This article was originally featured on Known magazine.
Every human being starts out as just one fertilized egg. In adulthood, that single cell has turned into about 37 trillion cells, many of which continue to divide to create the same amount of fresh human cells every few months.
But those cells face a formidable challenge. The average division cell should copy – perfectly – 3.2 billion base pairs of DNA, about once every 24 hours. The cell’s replication machinery does this wonderfully, copying genetic material at a hurried rate of about 50 base pairs per second.
Still, that’s far too slow to duplicate the whole thing human genome. If the cell’s copying machines started at the end of each of its 46 chromosomes at the same time, it would complete the longest chromosome — number 1, with 249 million base pairs — in about two months.
“The way cells naturally get around this is they start replicating in multiple places,” said James Berger, a structural biologist at Johns Hopkins University School of Medicine in Baltimore, who co-authored an article on DNA replication in eukaryotes in the 2021 Annual Review of Biochemistry. Yeast cells have hundreds of possible sources of replication, as they are called, and animals such as mice and humans have tens of thousands of them scattered throughout their genomes.
“But that poses its own challenge,” says Berger, “which is, how do you know where to start and how do you time everything?” Without precision control, some DNA can be copied twice, causing cellular pandemonium.
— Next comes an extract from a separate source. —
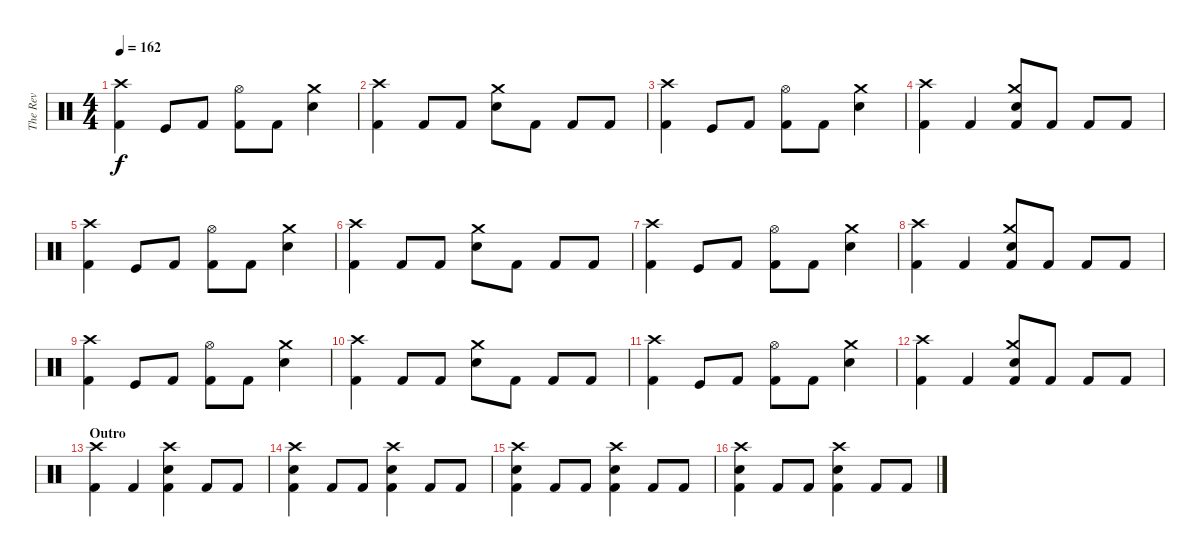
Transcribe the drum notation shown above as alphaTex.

It’s especially important to keep the DNA replication kickoff tight to avoid that pandemonium. Today, researchers are moving toward a full understanding of the molecular checks and balances that have evolved to ensure that each origin initiates DNA copying once, to produce exactly one completely new genome.
Do it right, do it fast
Bad things can happen if replication doesn’t start correctly. To copy DNA, the DNA double helix must open, and the resulting single strands — each of which serves as a template for building a new, second strand — are vulnerable to breakage. Or the process hangs. “You really want to solve replication quickly,” said John Diffley, a biochemist at the Francis Crick Institute in London. Problems during DNA replication can cause the genome to become disorganized, which is often a major step on the road to cancer.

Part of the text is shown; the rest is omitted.